### Exercise objective
When you copy the data that follows, reproduce every word exactly and leave out the images.

### Information supplied
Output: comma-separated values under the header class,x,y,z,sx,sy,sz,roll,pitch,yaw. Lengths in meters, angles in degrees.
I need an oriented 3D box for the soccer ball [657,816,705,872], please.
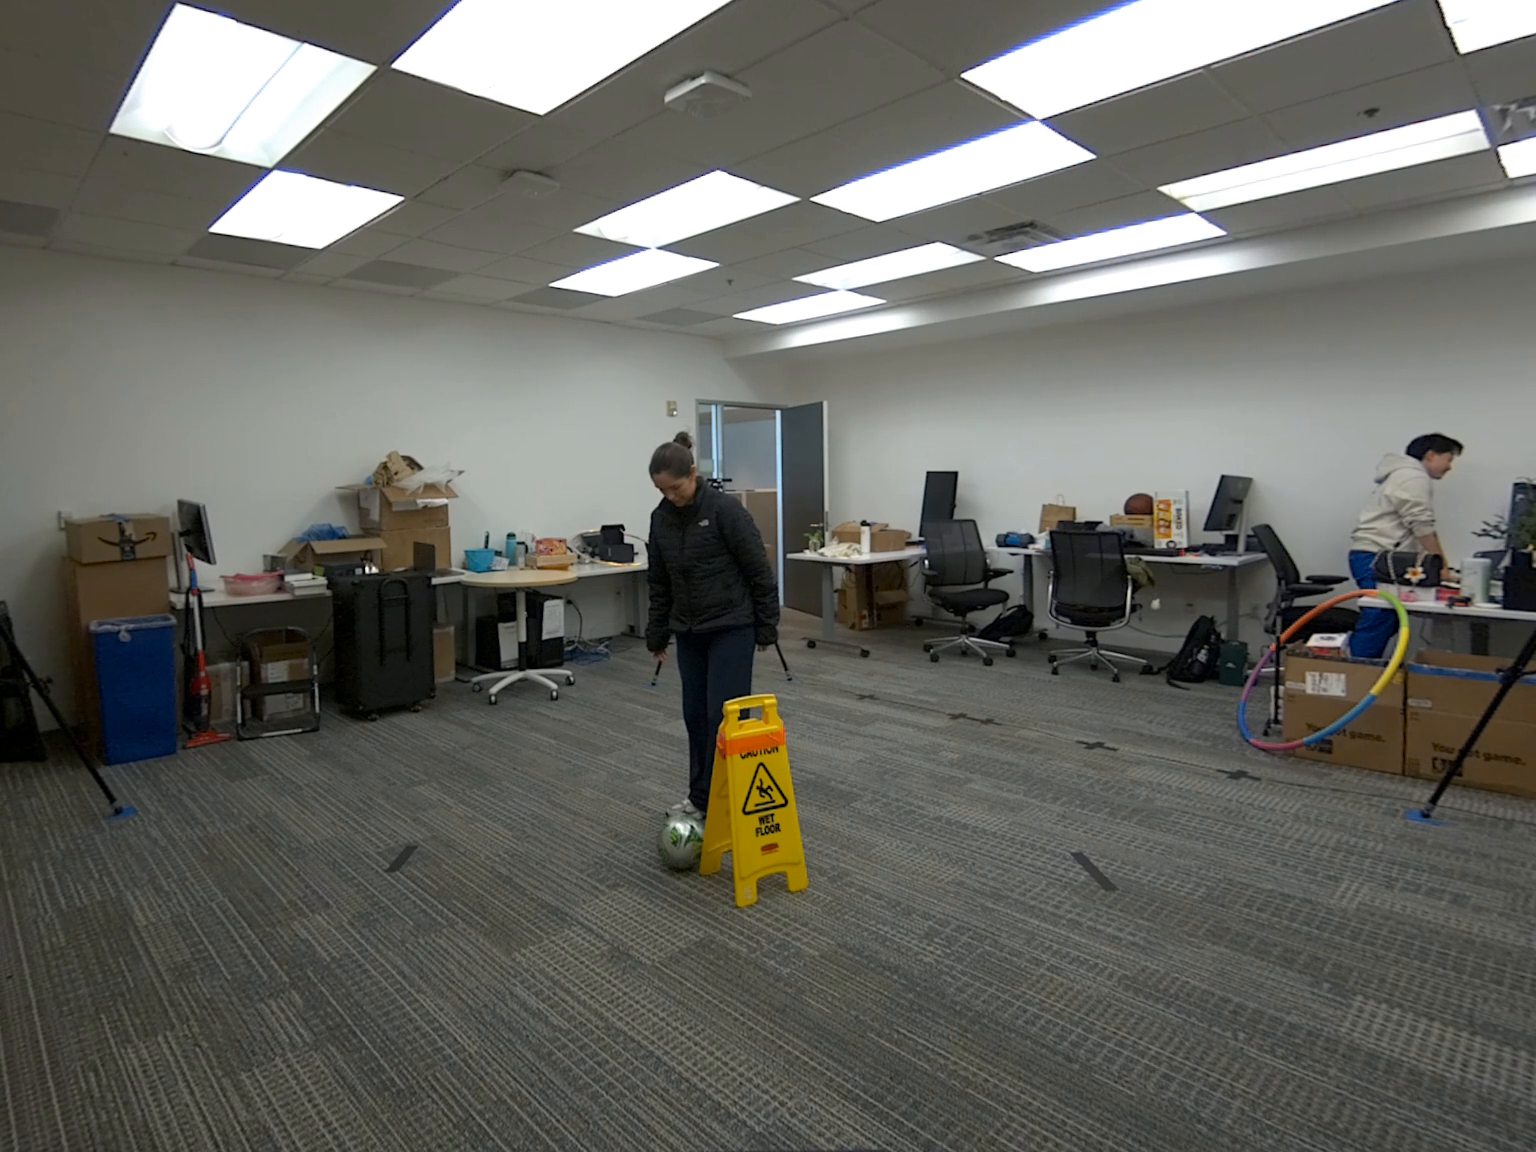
class,x,y,z,sx,sy,sz,roll,pitch,yaw
soccer ball,-0.310,0.963,3.083,0.187,0.187,0.188,-1,5,-2

### Completed task
Output: comma-separated values under the header class,x,y,z,sx,sy,sz,roll,pitch,yaw. Lengths in meters, angles in degrees.
I need an oriented 3D box for the soccer ball [657,816,705,872], please.
class,x,y,z,sx,sy,sz,roll,pitch,yaw
soccer ball,-0.310,0.963,3.083,0.187,0.187,0.188,-1,5,-2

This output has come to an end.